I'm trying to create a dotplot in R, similar to the following plot, where each group is distinctly separated from the rest: http://www.sthda.com/english/wiki/ggplot2-dot-plot-quick-start-guide-r-software-and-data-visualization
The data I have looks as follows, where I have a value to plot, and a group column that should bin the data into distinct groups (1-5) (similar to the 'dose' column in the Toothache dataset in the previous link):
This is the plotting code I'm currently using:
p<-ggplot(new_df, aes(x=group, y=ploidy)) +
geom_dotplot(binaxis='y', stackdir='centerwhole', binpositions = 'bygroup', binwidth = 0.5, position = "dodge", dotsize = 0.2)
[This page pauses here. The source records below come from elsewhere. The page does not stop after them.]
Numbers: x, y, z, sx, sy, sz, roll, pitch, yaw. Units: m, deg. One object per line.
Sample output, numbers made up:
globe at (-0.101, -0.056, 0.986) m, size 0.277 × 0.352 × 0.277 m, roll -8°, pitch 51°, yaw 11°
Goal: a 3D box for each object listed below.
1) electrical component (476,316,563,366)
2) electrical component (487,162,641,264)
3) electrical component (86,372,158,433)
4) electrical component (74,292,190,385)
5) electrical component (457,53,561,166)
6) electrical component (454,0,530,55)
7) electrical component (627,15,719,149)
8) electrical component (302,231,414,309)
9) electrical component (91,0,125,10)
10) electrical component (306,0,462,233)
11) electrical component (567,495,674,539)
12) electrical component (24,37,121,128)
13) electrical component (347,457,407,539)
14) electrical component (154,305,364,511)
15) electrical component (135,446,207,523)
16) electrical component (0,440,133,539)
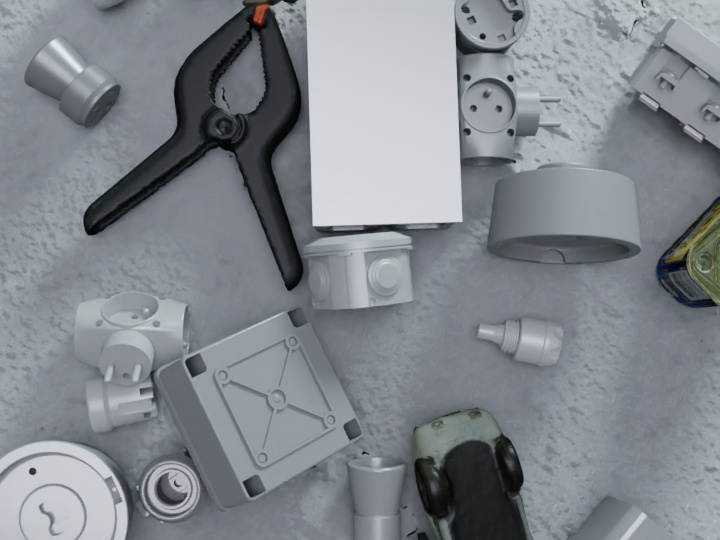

ggplot(new_df, aes(x=group, y=ploidy)) +
geom_dotplot(binaxis='y', stackdir='centerwhole',
stackratio=0, dotsize=0.2, stackgroups = TRUE)
p + stat_summary(fun=median, geom="point", shape=18,
size=3, color="red")
and it returns the following plot: I suspect the issue here is that the majority of the values sit at the 2-3 range, and thus they're overflowing to the other bins/groups.
I tried re-creating the problem with simple datasets like the Toothache dataset, but the issue doesn't reappear in those smaller datasets. Here is a link to the dataset, since recreating the problem with small sample datasets doesn't work: http://sendanywhe.re/Y5O133EM
Any help would be appreciated
I think you are overflowing the allocated space in the chart by using specified locations for each individual observation (sometimes called 'stacking'). Instead you should 'jitter' the positions of the individual observations inside a specific allocated region. Jittering, means to introduce a small amount of randomness to the position of a point to avoid (mostly anyhow) overplotting.
I will illustrate this using graphics from the core
of R for the following fictitious data. This focuses attention
on what is wrong, more than on the specific programming solution
in ggplot
, which I will let you work out.
set.seed(2022)
a = round(rnorm(30, 50, 5))
b = round(rnorm(70, 55, 4))
c = round(rnorm(55, 40, 6))
d = round(rnorm(80, 45, 5))
x = c(a,b,c,d)
g = rep(1:4, c(30,70,55,80))
stripchart(x ~ g, meth="jitter", vertical=T, pch=20)
Sorry, not allowed to post images on this site. Hope you you get the idea.